Penutupan perbatasan Kamerun: Komisi Pengungsi melakukan pendaftaran orang

Penutupan perbatasan Kamerun: Komisi Pengungsi melakukan pendaftaran orang

Nasib para migran yang terdampar di N dan beberapa lainnya yang terdampar di berbagai tempat di Ikom, Boki, dan komunitas lain di negara bagian tersebut terus menjadi sumber keprihatinan karena perbatasan di Ekok di Kamerun tetap ditutup.

Prihatin dengan situasi tersebut, pejabat Komisi Nasional Pengungsi Migran dan Pengungsi Internal sedang melakukan pendaftaran orang yang mencari suaka di Nigeria.

Ketua tim, Titus Murdakai, yang mengunjungi perbatasan Nigeria-Kamerun untuk pencarian fakta, mengatakan mereka berada di Ikom untuk mengambil statistik migran terdampar yang membutuhkan suaka di Nigeria akibat krisis di Kamerun.

Titus Murdakai mengatakan tim akan berada di sana selama lima hari untuk memastikan bahwa mereka menjangkau mereka yang terlantar di berbagai tempat, menambahkan bahwa komisi terkesan dengan pengelolaan situasi di perbatasan Mfum oleh petugas keamanan Nigeria.

Lawrence Asuquo, yang memberi pengarahan kepada tim sebelumnya, mengatakan 75 migran dari berbagai negara terdampar di sisi perbatasan Nigeria, sementara 20 warga Nigeria terdampar di Ekok di Kamerun.

Asisten Pengawas, bertindak atas nama Pengawas Imigrasi, Komando Negara Bagian Cross River, Ny. Berbicara, Funke Adenyi mengatakan kepada tim kunjungan bahwa perbatasan ditutup pada 28 September 2017 sebagai hasil dari pencarian negara bagian Amazonia yang merdeka oleh Kamerun Selatan.

Dia menjelaskan bahwa perbatasan di sisi Kamerun pada awalnya akan ditutup selama 72 jam sebagai tindakan darurat, tetapi menyatakan keprihatinan bahwa itu tetap ditutup sejak 28 September.

Dia meyakinkan hubungan kerja yang baik antara pejabat keamanan kedua negara, menunjukkan bahwa mereka selalu berhubungan untuk mengetahui kapan pihak berwenang Kamerun akan membuka perbatasan mereka.

Tn.
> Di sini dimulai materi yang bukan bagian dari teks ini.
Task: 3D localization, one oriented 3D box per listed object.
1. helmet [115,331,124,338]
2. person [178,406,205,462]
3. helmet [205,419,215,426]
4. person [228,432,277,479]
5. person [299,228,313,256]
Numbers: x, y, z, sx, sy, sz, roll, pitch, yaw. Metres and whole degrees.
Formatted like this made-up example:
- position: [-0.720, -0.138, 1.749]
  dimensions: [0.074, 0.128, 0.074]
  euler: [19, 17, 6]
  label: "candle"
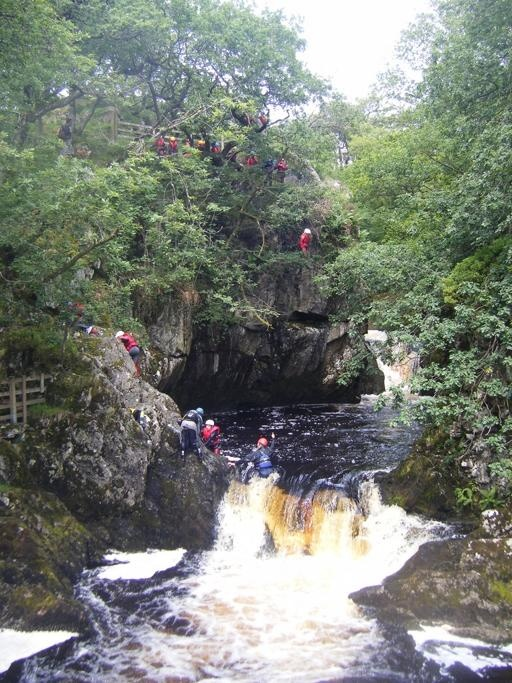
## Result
- position: [-3.270, -0.164, 14.863]
  dimensions: [0.120, 0.150, 0.175]
  euler: [5, -8, -37]
  label: "helmet"
- position: [-1.516, 2.142, 14.542]
  dimensions: [0.488, 0.990, 0.883]
  euler: [6, -3, 19]
  label: "person"
- position: [-1.165, 2.046, 15.760]
  dimensions: [0.260, 0.188, 0.367]
  euler: [10, -9, 12]
  label: "helmet"
- position: [-0.152, 2.953, 15.785]
  dimensions: [1.218, 0.892, 1.306]
  euler: [7, -3, -2]
  label: "person"
- position: [1.725, -3.501, 21.935]
  dimensions: [0.353, 0.345, 0.980]
  euler: [-8, -6, 7]
  label: "person"
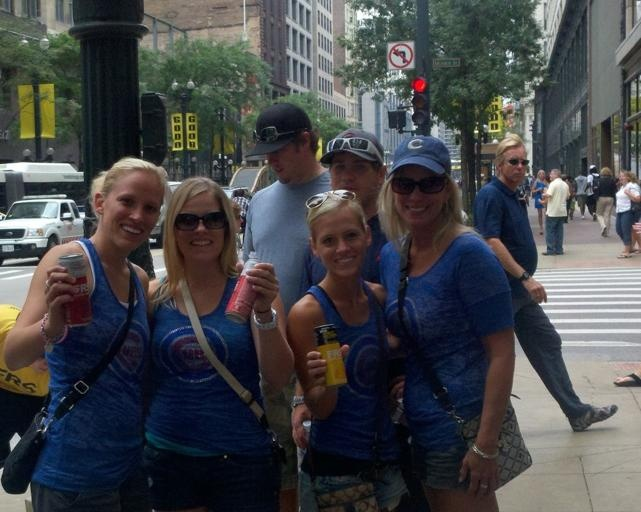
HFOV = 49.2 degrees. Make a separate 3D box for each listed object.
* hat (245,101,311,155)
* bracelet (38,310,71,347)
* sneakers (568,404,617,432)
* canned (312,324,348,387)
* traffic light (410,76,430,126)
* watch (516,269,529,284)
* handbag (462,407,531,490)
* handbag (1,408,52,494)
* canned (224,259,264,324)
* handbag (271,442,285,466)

Lawrence Asuquo menyatakan keprihatinan atas nasib para migran yang terlantar di perbatasan, di mana tidak ada pusat pemeriksaan dan sel tahanan dan meminta kesabaran sampai perbatasan dibuka.

Beberapa dari mereka yang terdampar di perbatasan, termasuk wanita dan anak-anak, mengatakan mereka kekurangan kebutuhan dasar seperti makanan, air, dan pakaian untuk terus menghidupi diri sendiri.

Perwakilan migran Kamerun yang berbicara tentang penderitaan mereka, Tateh Donard Silav mengatakan kepada wartawan kami bahwa orang-orang Kamerun Selatan telah dipinggirkan oleh pihak berwenang di Yaounde.

Dia mengatakan beberapa dari mereka diberikan suaka oleh pemerintah Nigeria karena apa yang disebutnya krisis Anglophone di Kamerun dan menelusuri asal-usul krisis di negara tersebut.

Tateh Donard Silav berkata sejak 1961, Kamerun Selatan telah terpinggirkan di bawah republik Kamerun di mana mereka diperlakukan sebagai budak.

Tateh Donard, yang mengatakan dia adalah seorang pengungsi di Nigeria, mengungkapkan bahwa krisis baru-baru ini dimulai karena para pengacara di Anglophone South memprotes sistem hukum di mana hukum perdata yang dipraktekkan di Francophone dipaksakan di South yang mempraktikkan common law.

Dia mengatakan para guru juga memprotes sistem pendidikan yang diperkenalkan oleh otoritas Kamerun di selatan, yang menyebabkan konsorsium pengunjuk rasa dan penangkapan beberapa anggotanya oleh pemerintah.

Wartawan kami mengamati bahwa Ekok di Kamerun yang dulunya merupakan sarang operasi menjadi bayang-bayang dirinya sendiri karena aktivitas komersial meningkat setelah penutupan perbatasan.

Situasi tersebut berdampak pada kegiatan sosial ekonomi kedua negara.